Your task — Scan the listing beneath this sentence. Report each line with the word "pitch".
Given records Block Start
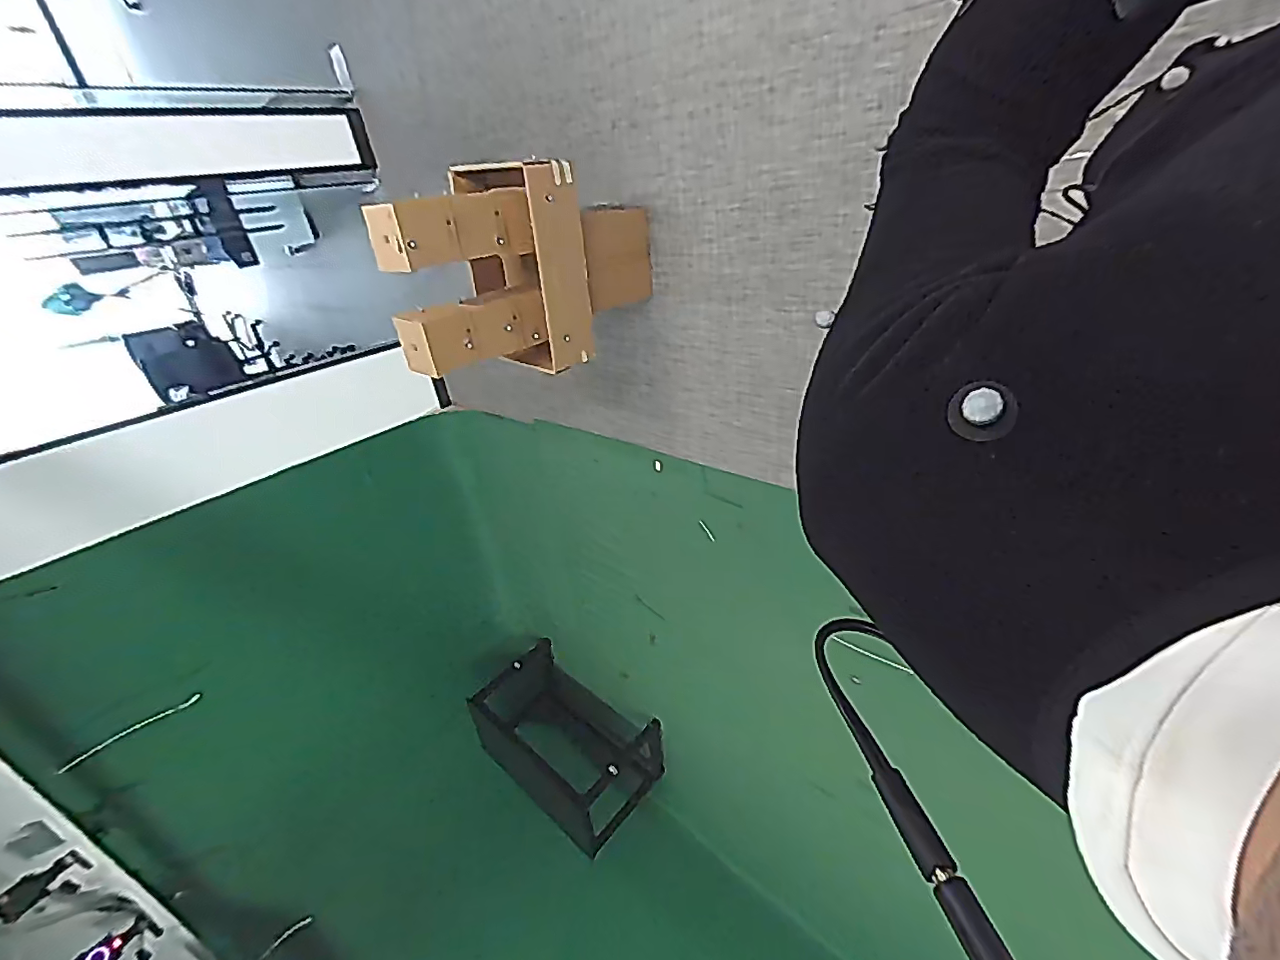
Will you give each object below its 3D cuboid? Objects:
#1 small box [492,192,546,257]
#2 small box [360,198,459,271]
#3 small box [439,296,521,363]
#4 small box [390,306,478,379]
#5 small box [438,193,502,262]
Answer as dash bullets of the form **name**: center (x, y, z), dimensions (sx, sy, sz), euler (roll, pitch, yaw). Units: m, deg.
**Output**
Given records Block End
Given records Block Start
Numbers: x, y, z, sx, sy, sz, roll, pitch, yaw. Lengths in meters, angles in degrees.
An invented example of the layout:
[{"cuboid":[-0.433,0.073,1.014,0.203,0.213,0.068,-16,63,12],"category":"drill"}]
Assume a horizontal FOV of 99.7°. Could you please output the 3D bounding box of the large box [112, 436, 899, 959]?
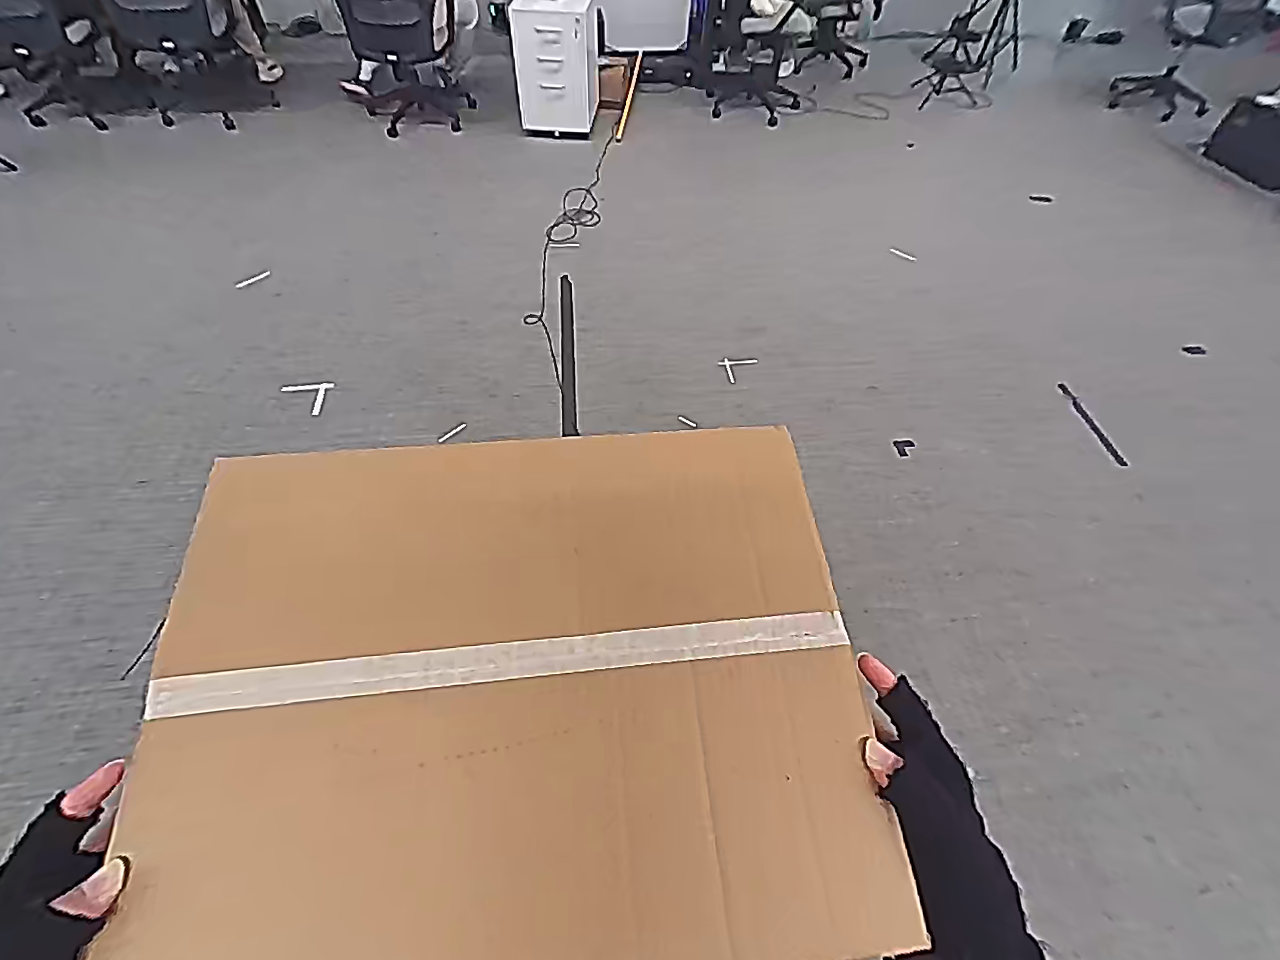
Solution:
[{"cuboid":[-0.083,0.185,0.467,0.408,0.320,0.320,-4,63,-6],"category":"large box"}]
Given records Block End
Task answer —
Answer as dash bullets of the form **name**: center (x, y, z), dimensions (sx, sy, sz), euler (roll, pitch, yaw). Units: m, deg.
Numbers: x, y, z, sx, sy, sz, roll, pitch, yaw. Lengths in meters, angles in degrees.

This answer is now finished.